When Cobb slammed the woman to her knees and began choking her insanely, the Tigers came running. Charlie “Boss” Schmidt, a powerfully built catcher from Coal Hill, Arkansas, and quondam heavyweight prizefighter, jumped on Cobb and tore him away.

Schmidt was reputed to have fought exhibitions against world-title-contender Sam Langford and coming champion Jack Johnson. He could bend steel rods in half, was all hairy brute, and had no use for bullies. He called Cobb a “rotten skunk” and let go a punch that sent him reeling.

Hughie Jennings and others broke it up, formed a circle around a struggling, incoherent Cobb, and marched him to the boss's office. Jennings blistered him, ending with, “You're gone from Detroit.” Cobb protested that Bungy had been drunk and had overstepped bounds in a South where blacks didn't get familiar with whites.

The shameful “Bungy affair” occurred on March 16, and on March 17 Jennings and Navin were on the telegraph in an effort to send their woman-beater elsewhere. Cleveland manager Nap Lajoie was offered a straight trade of his former league batting champ, Elmer Flick, for Cobb. Flick had been a stubborn salary holdout, but had just signed. Lajoie openly stated that he saw nothing much more in Cobb than a clubhouse problem player, surely not equal to Flick in ability. Connie
Mack of the Athletics showed a brief interest. But Mack had solid-hitting Socks Seybold, Topsy Hartsell, and Rube Oldring in his outfield, and he also passed.

New York's Clark Griffith offered sore-armed Frank Delahanty, even-up. Despite Delahanty's “average player” status, Jennings was tempted, but finally backed away. Stalemate. Afterward, for years the press would wonder what might have happened had Cobb become a Highlander and then, after the team's name switch, a Yankee. In New York, Cobb would have had all that great press coverage and been teamed with Babe Ruth. Cobb's contradictory reply: “Ruth came along seven years too late to be of any good to me. And look at the rotten Yankee record.” Between 1907 and 1918 the New York American League entry finished better than fourth only once; under seven managerial changes, they did not win a pennant until 1921.
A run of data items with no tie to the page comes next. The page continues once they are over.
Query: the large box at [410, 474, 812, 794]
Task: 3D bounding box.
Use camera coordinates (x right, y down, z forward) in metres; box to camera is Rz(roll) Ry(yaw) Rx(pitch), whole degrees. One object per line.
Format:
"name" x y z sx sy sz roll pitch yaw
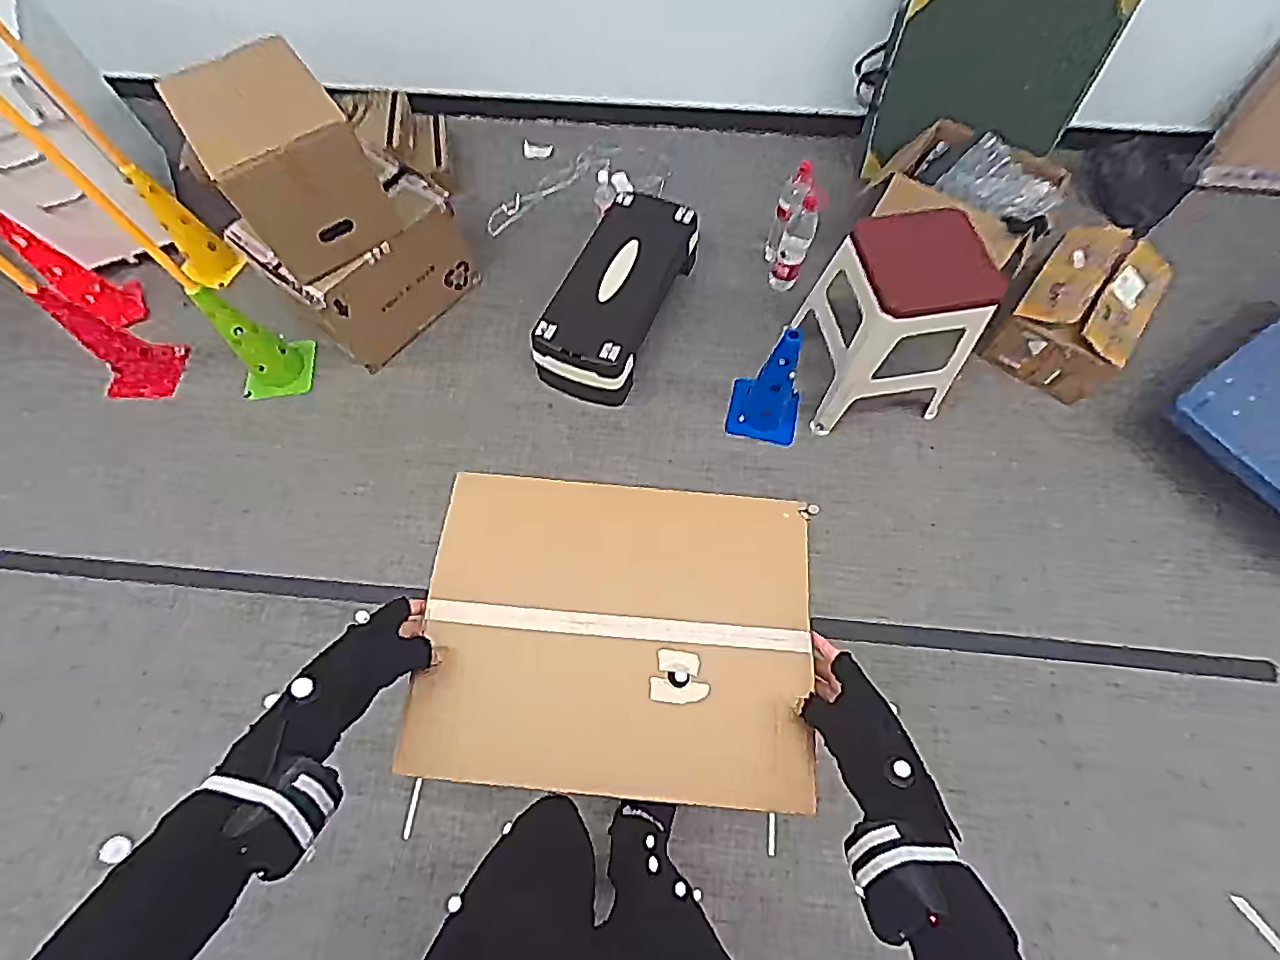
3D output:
"large box" -0.024 0.204 0.718 0.408 0.320 0.320 5 69 0

Not one franchise in either major league would commit itself to taking on a man who carried a loaded gun, played the loner, had throttled a woman, and remained unproved as a run producer. The hardest knock came from Pongo Joe Cantillon, manager of lowly Washington, who was quoted, “At this rate the kid won't last until opening day.”

In the March 18 edition of the
Detroit News
a story appeared:

WHY COBB MUST
BE SACRIFICED

—

‘Harmony In Any Case'
Is Manager Jennings'
Final Decision

—

—

Cobb Knows He Has No
Friends On Team: Is
Proportionately Aggressive

Under the byline of
News
correspondent Malcolm W. Bingay came a denunciation: “The situation is this—Cobb did have some who stuck by him when the training season opened. They turned against him when he got into trouble with Charlie Schmidt, the most even-tempered man on the team. Cobb admits himself now that he has not
a friend on the club, and even if he should come out and admit he was in the wrong it would help matters little. No matter what action he should take there would be fifteen more players against him.”

Not changing his behavior, Cobb a day later got into an argument with Matty McIntyre that almost became one more fistfight. Jennings stopped it just in time.

JENNINGS “REGRETTED
” having to give up on a player he had planned to use regularly, but when the Tigers' tour reached the Carolinas he still did not have a buyer in sight. So he could not oblige Cobb, who fully agreed he should be dealt away.

With no solution in sight, unrepentant and defiant, Cobb walked out of camp for Royston and home. He was on strike until the stalemate was resolved.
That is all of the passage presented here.